I woke up about 5:40am, just a little over 5.5 hours sleep. I felt rested but needed coffee, and there wasn’t any in the room. But breakfast was included and the restaurant opened at 6am so I got dressed and made my way down. Breakfast was simple – cereals, deli meats and cheeses, a good variety of natural breads, fruit. And lots to drink – full pots of coffee and milk – both hot – and a carafe of OJ. The cereals were interesting with the hot milk: a granola-ish one that sort of turned into oatmeal, but not in a bad way, and chocolate rice crispies.

I was planning my day using TripAdvisor and re-reading my blog from yesterday. I was reminded of the American Cemetery. Since I was up so early I had enough time to still do that, take a later train to Trier and still have plenty of day left to do what I wanted there. So I checked out about 7:45 and made my way. It was about a 3 mile walk, I made it there in about an hour. I was along a busy road the whole time – plenty of traffic but not much to see, either going through woods, industrial, or something under construction. And there was no signage. I followed Google’s walking instructions with my fingers crossed. It took this weird turn down along a trench where they were building who knows what, and underneath a bridge. I was getting nervous. As I got under the bridge, I finally came across this, the first confirmation outside of Google that I was headed in the right direction.

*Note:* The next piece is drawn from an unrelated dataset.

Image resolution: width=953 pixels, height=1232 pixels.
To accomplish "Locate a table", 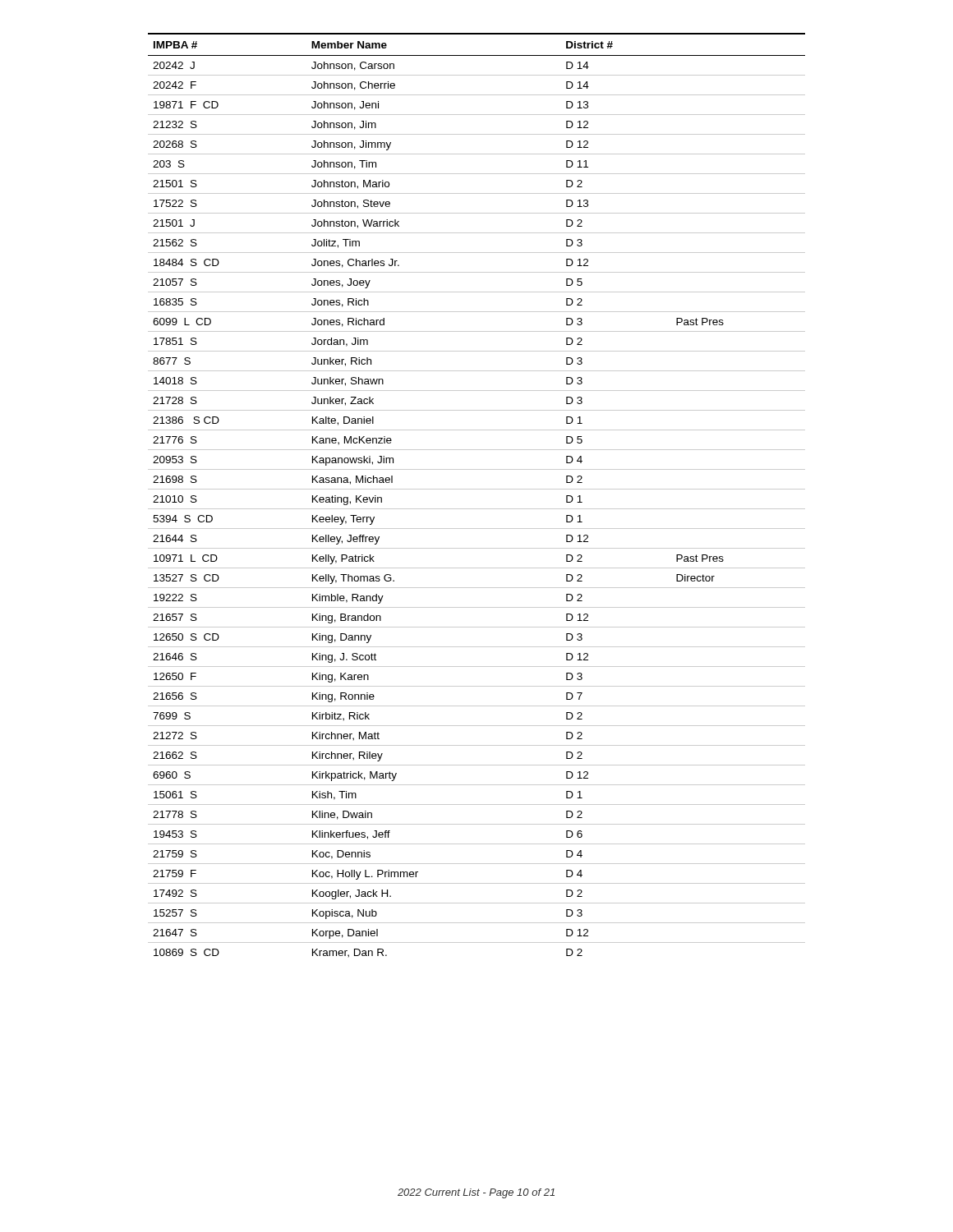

It was another 1/3 mile or so up a road through more woods. As I progressed, the sounds of the busy roads behind me diminished and the sounds of the birds got louder and louder. Think Vivaldi, not Hitchcock. It was a nice Spring day and about 60-65 degrees at that point.  But I had worked up a bit of a sweat because most of that trip was uphill. I was appreciating a flat walk through the woods.

 Which eventually led you to this.
 This is what you saw first: “In proud remembrance of the achievements of her sons and in humble tribute to their sacrifices this memorial has been erected by the United States of America.”
 This was the left side of that monument, the steps leading up to a chapel.

 

This is the ceiling of the chapel. The words around the edge: “In proud and grateful memory of those men of the armed services of the United States of America who in this region and in the skies above it endured all and gave all that justice among nations might prevail and that mankind might enjoy freedom and inherit peace.”
Those of you who read blogs from our previous Europe trips know we’re big on WWII history. I realized this morning I couldn’t be this close and not do it. And I am so glad I did.

This is the military operations map for the surrounding region. If you’ve seen Band of Brothers, or know anything at all about WWII history, The Ardennes will mean something to you. If nothing else, you’ve probably heard of The Battle of the Bulge; the casualties from that battle and others are buried here. 5076 total.

 

 

 

It’s hard to put into words what I was thinking about while I was here. It’s impossible not to be moved, especially with the history I have in my head. Even yesterday on the train as I was traveling down from Koblenz I was thinking about it, knowing these lands were blood filled for years during both wars. I always think about that when I’m on a train in Germany. It makes all the pettiness in American politics these days seem so ridiculous. This was real evil at play, and men literally from all over the world joined efforts to stop it. The Ardennes was a long fought battle, one of the hardest of the war, and it was this victory after Normandy that eventually led the Allies to Berlin. We think we know struggle, loss, and sacrifice. We don’t.

 

 

If the date looks funny to you, it’s because he didn’t die during the war. He was the leader during the Battle of the Bulge, which is why he was buried here. He died from injuries in a car accident about 6 months after the war ended. Go figure.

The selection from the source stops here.